Objective
A major Indonesian government financial institution required a comprehensive assessment of its Kubernetes-based a critical nationwide tax administration system infrastructure to evaluate the current operational condition, identify potential scalability and reliability risks, and establish a structured roadmap aligned with Kubernetes production best practices.
PT Boer Technology conducted a full infrastructure assessment covering Kubernetes cluster architecture, node utilization, storage configuration, RabbitMQ, Redis, and workload management to support long-term operational stability and modernization initiatives.
Context
The critical platform operated on a large-scale Kubernetes environment consisting of:
-
Over 20+ Kubernetes nodes (Including Control Plane and Worker Nodes)
-
Kubernetes platform
-
Hundreds of deployments across multiple active namespace
-
Over 200+ HorizontalPodAutoscaler resources
-
Stateful workloads including RabbitMQ and Redis clusters
-
Ubuntu LTS infrastructure environment
-
Calico CNI and containerd runtime deployment
The assessment identified several operational and architectural challenges, including:
-
Kubernetes and container runtime versions reaching End-of-Life (EOL)
-
Absence of Pod Security implementation
-
Lack of ResourceQuota and LimitRange policies
-
Shared Redis storage architecture creating Single Point of Failure (SPOF)
-
RabbitMQ memory configuration operating close to OOM threshold
-
Over-provisioned compute allocation reducing cluster efficiency
-
Legacy autoscaling API usage with limited scaling flexibility
-
Limited workload disruption protection mechanisms
These conditions created potential risks for scalability, operational resilience, and future platform expansion.
Approach
PT Boer Technology performed a structured Kubernetes infrastructure assessment and operational analysis focused on production readiness and platform optimization.

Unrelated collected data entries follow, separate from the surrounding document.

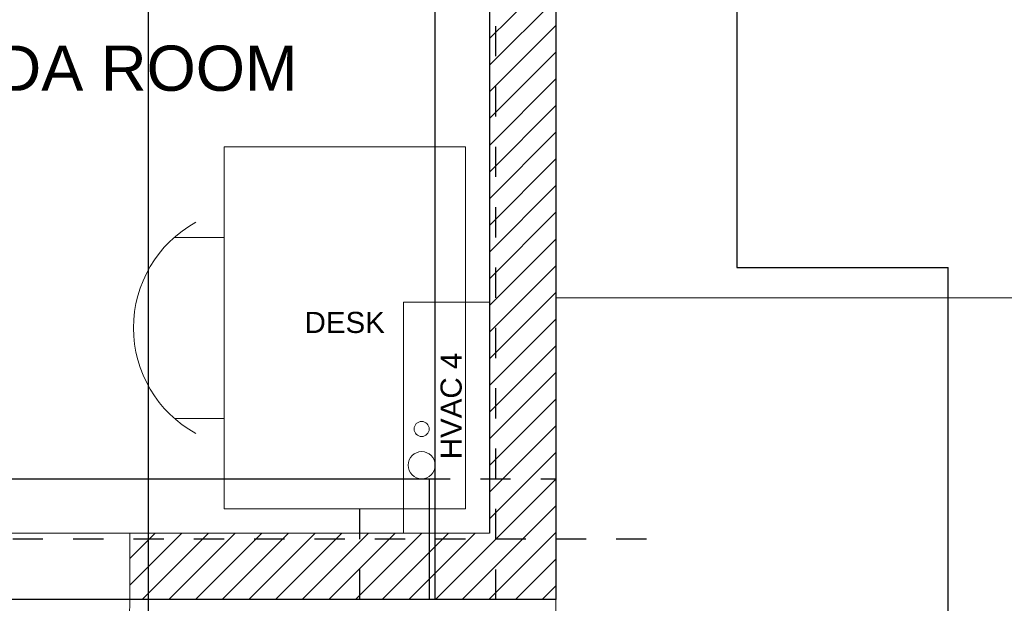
# Model space of a CAD drawing. Header units: metres. Extents: x 70279.8 to 70377.7, y 409251.8 to 409331.5.
# Tile 55 of 244: x 70325.2 to 70328.5, y 409290.8 to 409292.8. Entities that reach past the tile are written whole.
import ezdxf
from ezdxf.enums import TextEntityAlignment as Align

# ---------------------------------------------------------------- set-up
doc = ezdxf.new("R2010")
doc.units = ezdxf.units.M
for name, pattern in [('CENTER', [2, 1.25, -0.25, 0.25, -0.25]), ('CENTER2', [1.125, 0.75, -0.125, 0.125, -0.125]), ('DASHED', [0.75, 0.5, -0.25])]:
    doc.linetypes.add(name, pattern=pattern)
for name, color, linetype, lineweight in [('ARCERING', 2, 'Continuous', 18), ('CONTINUOUS', 7, 'Continuous', 18), ('OPENINGS', 7, 'Continuous', 18), ('TEKST', 1, 'Continuous', 18)]:
    doc.layers.add(name, color=color, linetype=linetype, lineweight=lineweight)
doc.layers.add('Concrete_ foundation', color=253, linetype='Continuous')
doc.styles.add('Arial', font='arial.ttf')

# ---------------------------------------------------------------- blocks, each defined once
blk = doc.blocks.new('stelconplaat')
at = {"layer": 'CONTINUOUS'}
for p, q in [((0, 2000), (2000, 2000)), ((0, 0), (0, 2000)), ((2000, 2000), (2000, 0)), ((2000, 0), (0, 0))]:
    blk.add_line(p, q, dxfattribs=at)
blk = doc.blocks.new('deur-1000-muur220')
at = {"layer": 'CONTINUOUS'}
for p, q in [((-220, 1000.000000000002), (-427.6399299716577, 21.79467417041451)), ((-220, 1000), (0, 1000)), ((50, 500), (-370, 500)), ((-220, 0), (0, 0))]:
    blk.add_line(p, q, dxfattribs=at)
blk.add_arc((-220, 1000), 1000, 252.0069121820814, 270, dxfattribs=at)
blk = doc.blocks.new('A$C0A444100')
at = {"layer": 'ARCERING'}
h = blk.add_hatch(dxfattribs=at)
h.set_pattern_fill('ANSI31', color=256, scale=500)
h.set_pattern_definition([(45, (-6763.466272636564, -7142.939093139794), (-44.19417382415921, 44.19417382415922), [])])
h.paths.add_polyline_path([(15772.00000805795, 7480.000006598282), (15772.00000805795, 7700.000006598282), (16160.00000805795, 7700.000006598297), (16160.00000805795, 1700.000006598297), (14748.00000805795, 1700.000006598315), (14748.00000805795, 1920.000006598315), (15940.00000805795, 1920.000006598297), (15940.00000805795, 7480.000006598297)])
at = {"layer": 'Concrete_ foundation'}
for p, q in [((16760.00000805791, 8200.00000659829), (16760.00000805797, 2800.000006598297)), ((16760.00000805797, 2800.000006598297), (17460.00000805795, 2800.000006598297)), ((17460.00000805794, 6.598296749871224e-06), (17460.00000805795, 2800.000006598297))]:
    blk.add_line(p, q, dxfattribs=at)
at = {"layer": 'Concrete_ foundation', "linetype": 'CENTER2', "ltscale": 5}
blk.add_line((15960.00000805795, 8000.000006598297), (15960.00000805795, 1400.000006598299), dxfattribs=at)
at = {"layer": 'Concrete_ foundation', "linetype": 'CENTER', "ltscale": 5}
blk.add_line((16460.00000805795, 1900.000006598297), (1000.000008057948, 1900.000006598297), dxfattribs=at)
at = {"layer": 'Concrete_ foundation'}
for points in [[(15760.00000805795, 7700.000006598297), (16160.00000805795, 7700.000006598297), (16160.00000805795, 1700.000006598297), (15760.00000805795, 1700.000006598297), (15760.00000805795, 7700.000006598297)], [(15740.00000805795, 1700.000006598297), (6220.000073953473, 1700.000006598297), (6220.000073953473, 2100.000006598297), (15740.00000805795, 2100.000006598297), (15740.00000805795, 1700.000006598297)]]:
    blk.add_lwpolyline(points, dxfattribs=at)
at = {"layer": 'Concrete_ foundation', "linetype": 'DASHED', "ltscale": 3}
blk.add_lwpolyline([(16160.00000805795, 1700.000006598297), (15510.00000805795, 1700.000006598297), (15510.00000805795, 2100.000006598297), (16160.00000805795, 2100.000006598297), (16160.00000805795, 1700.000006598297)], dxfattribs=at)
at = {"layer": 'CONTINUOUS'}
for p, q in [((16160.00000805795, 7700.000006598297), (16160.00000805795, 1700.000006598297)), ((15940.00000805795, 7480.000006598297), (15940.00000805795, 1920.000006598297)), ((15060.00000805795, 3200.000006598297), (15860.00000805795, 3200.000006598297)), ((15060.00000805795, 2000.000006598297), (15060.00000805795, 3200.000006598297)), ((15860.00000805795, 3200.000006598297), (15860.00000805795, 2000.000006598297)), ((14895.42487695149, 2900.000006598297), (15060.00000805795, 2900.000006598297)), ((15060.00000805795, 2300.000006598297), (14895.42487695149, 2300.000006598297)), ((15860.00000805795, 2000.000006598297), (15060.00000805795, 2000.000006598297)), ((15940.00000805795, 1920.000006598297), (1520.000008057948, 1920.000006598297)), ((16160.00000805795, 1700.000006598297), (1300.000008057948, 1700.000006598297))]:
    blk.add_line(p, q, dxfattribs=at)
blk.add_lwpolyline([(15940.00000805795, 1920.000006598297), (15940.00000805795, 2685.000006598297), (15655.00000805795, 2685.000006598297), (15655.00000805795, 1920.000006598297)], close=True, dxfattribs=at)
blk.add_arc((15160.00000805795, 2600.000006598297), 400, 118.9550243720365, 241.0449756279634, dxfattribs=at)
at = {"layer": 'OPENINGS'}
for centre, radius in [((15715.00000805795, 2265.000006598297), 25), ((15715.00000805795, 2145.000006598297), 45)]:
    blk.add_circle(centre, radius, dxfattribs=at)
at = {"layer": 'Concrete_ foundation', "yscale": 1.045, "rotation": 90}
blk.add_blockref('deur-1000-muur220', (14748.00000805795, 1920.000006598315), dxfattribs=at)
at = {"layer": 'TEKST', "style": 'Arial'}
for s, height, p in [('SCADA ROOM', 150, (14587.9759211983, 3385.44239944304)), ('DESK', 70, (15460.00000805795, 2583.134385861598))]:
    blk.add_text(s, height=height, dxfattribs=at).set_placement(p, align=Align.CENTER)
blk.add_text('HVAC 4', height=70, rotation=90, dxfattribs=at).set_placement((15847.59538019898, 2341.220189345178), align=Align.CENTER)

msp = doc.modelspace()

# ---------------------------------------------------------------- linework, layer by layer
at = {"ltscale": 50}
msp.add_line((70325.64999999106, 409283.5000000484), (70325.64999999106, 409298.8499999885), dxfattribs=at)
for p, q in [((70327, 409296.8499999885), (70327, 409290.8499999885)), ((70326.78000000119, 409296.6299999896), (70326.78000000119, 409291.0699999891)), ((70327, 409290.8499999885), (70312.1400000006, 409290.8499999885))]:
    msp.add_line(p, q)

# ---------------------------------------------------------------- block references
at = {"xscale": 0.001, "yscale": 0.001, "zscale": 0.001}
for name, p in [('A$C0A444100', (70310.83999999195, 409289.1499999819)), ('stelconplaat', (70327, 409289.8499999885))]:
    msp.add_blockref(name, p, dxfattribs=at)

doc.saveas('drawing.dxf')

The assessment activities included:
-
Reviewing Kubernetes cluster architecture and infrastructure topology
-
Collecting node-level CPU and memory utilization metrics
-
Evaluating Kubernetes runtime, networking, and storage configurations
-
Assessing RabbitMQ cluster sizing, persistence, quorum, and resource allocation
-
Analyzing Redis persistence architecture and storage performance
-
Reviewing autoscaling implementation and workload scheduling strategy
-
Identifying security gaps and operational risks
-
Benchmarking existing configurations against Kubernetes best practices
Based on the findings, PT Boer Technology produced a prioritized recommendation roadmap covering critical, medium, and low-priority improvements.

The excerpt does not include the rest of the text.